START Record excerpts

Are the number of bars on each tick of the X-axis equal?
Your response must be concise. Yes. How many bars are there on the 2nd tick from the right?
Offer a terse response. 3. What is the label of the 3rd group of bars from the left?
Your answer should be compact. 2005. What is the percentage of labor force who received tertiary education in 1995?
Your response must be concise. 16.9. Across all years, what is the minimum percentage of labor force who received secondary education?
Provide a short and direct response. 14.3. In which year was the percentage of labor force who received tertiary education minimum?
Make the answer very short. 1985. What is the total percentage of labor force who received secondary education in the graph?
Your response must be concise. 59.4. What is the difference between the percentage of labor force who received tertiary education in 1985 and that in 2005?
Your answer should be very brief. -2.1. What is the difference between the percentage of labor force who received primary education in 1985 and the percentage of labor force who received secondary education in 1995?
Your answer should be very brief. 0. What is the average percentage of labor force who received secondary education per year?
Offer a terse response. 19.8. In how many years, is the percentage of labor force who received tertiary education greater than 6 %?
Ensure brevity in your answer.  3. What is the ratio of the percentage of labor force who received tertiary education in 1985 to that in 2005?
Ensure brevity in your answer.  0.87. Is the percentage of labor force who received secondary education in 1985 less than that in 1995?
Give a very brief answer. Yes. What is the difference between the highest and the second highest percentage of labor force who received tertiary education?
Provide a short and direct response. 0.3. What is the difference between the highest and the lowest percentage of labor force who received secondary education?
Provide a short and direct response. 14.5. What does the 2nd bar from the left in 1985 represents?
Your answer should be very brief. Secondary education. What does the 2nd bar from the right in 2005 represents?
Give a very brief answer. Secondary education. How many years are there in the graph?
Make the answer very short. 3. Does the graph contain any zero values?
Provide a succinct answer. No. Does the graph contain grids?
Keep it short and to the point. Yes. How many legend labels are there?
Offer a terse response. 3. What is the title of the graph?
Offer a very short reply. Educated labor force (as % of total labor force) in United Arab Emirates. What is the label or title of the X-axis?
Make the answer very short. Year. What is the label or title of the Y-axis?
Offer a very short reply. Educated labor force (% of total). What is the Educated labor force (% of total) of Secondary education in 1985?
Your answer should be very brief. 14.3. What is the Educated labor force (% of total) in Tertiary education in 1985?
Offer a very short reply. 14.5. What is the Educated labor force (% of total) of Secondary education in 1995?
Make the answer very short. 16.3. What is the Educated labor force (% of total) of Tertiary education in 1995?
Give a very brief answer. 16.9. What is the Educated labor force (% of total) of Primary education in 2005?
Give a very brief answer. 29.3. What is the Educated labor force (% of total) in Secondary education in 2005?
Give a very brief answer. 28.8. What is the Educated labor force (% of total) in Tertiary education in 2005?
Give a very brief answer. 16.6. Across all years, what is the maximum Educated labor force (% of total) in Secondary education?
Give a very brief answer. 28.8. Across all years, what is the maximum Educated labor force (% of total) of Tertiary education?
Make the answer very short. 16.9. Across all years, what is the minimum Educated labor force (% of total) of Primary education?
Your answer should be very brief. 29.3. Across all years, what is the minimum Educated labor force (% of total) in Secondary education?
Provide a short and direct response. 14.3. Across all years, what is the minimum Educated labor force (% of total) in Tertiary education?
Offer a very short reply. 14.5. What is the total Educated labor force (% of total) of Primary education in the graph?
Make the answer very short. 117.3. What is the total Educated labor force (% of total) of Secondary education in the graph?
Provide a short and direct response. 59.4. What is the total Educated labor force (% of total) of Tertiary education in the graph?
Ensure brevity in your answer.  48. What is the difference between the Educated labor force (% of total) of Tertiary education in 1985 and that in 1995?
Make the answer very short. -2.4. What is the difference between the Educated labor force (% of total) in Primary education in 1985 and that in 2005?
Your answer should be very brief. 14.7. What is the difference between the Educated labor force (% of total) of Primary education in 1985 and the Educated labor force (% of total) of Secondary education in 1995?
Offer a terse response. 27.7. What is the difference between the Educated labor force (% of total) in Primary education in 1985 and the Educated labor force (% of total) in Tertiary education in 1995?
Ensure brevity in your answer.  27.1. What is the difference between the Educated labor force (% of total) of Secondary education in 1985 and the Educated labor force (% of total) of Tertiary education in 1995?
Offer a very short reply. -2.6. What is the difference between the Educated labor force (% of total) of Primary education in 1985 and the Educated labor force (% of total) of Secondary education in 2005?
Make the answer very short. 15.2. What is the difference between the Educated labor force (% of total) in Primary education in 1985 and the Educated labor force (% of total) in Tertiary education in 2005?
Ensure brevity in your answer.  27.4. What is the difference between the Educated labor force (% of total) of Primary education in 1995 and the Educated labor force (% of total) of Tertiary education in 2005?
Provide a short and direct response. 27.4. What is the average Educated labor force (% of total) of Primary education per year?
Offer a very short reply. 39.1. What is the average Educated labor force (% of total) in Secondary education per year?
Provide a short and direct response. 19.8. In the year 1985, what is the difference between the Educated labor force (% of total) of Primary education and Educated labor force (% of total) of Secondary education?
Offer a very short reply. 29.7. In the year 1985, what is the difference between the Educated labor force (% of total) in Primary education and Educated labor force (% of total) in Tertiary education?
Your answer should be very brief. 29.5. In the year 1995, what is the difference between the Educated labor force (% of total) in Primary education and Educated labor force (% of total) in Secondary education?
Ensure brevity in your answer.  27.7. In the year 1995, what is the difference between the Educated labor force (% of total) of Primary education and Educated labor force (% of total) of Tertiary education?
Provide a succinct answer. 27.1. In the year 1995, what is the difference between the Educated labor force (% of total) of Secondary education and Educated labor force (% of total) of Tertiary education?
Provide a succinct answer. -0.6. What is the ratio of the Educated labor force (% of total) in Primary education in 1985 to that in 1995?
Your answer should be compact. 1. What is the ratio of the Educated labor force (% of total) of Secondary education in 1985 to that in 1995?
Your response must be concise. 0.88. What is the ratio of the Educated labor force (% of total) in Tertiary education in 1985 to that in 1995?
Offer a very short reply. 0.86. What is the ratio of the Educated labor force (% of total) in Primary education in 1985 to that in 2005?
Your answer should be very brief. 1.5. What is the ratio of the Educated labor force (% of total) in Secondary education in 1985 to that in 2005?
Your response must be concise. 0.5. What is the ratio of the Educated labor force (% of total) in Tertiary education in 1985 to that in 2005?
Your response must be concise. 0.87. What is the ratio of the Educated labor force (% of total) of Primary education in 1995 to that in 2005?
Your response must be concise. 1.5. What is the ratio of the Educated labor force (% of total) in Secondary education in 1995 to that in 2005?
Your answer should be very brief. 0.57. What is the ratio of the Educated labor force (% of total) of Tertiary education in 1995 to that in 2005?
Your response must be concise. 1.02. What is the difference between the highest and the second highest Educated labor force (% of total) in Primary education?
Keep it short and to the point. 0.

END Record excerpts

Set down, exactly as they stand above, the lines starting with the line with "Your response must be concise. 0.88." and going on through the line with "Your answer should be very brief. 0.57.", and no others.

Your response must be concise. 0.88. What is the ratio of the Educated labor force (% of total) in Tertiary education in 1985 to that in 1995?
Offer a very short reply. 0.86. What is the ratio of the Educated labor force (% of total) in Primary education in 1985 to that in 2005?
Your answer should be very brief. 1.5. What is the ratio of the Educated labor force (% of total) in Secondary education in 1985 to that in 2005?
Your response must be concise. 0.5. What is the ratio of the Educated labor force (% of total) in Tertiary education in 1985 to that in 2005?
Your response must be concise. 0.87. What is the ratio of the Educated labor force (% of total) of Primary education in 1995 to that in 2005?
Your response must be concise. 1.5. What is the ratio of the Educated labor force (% of total) in Secondary education in 1995 to that in 2005?
Your answer should be very brief. 0.57. What is the ratio of the Educated labor force (% of total) of Tertiary education in 1995 to that in 2005?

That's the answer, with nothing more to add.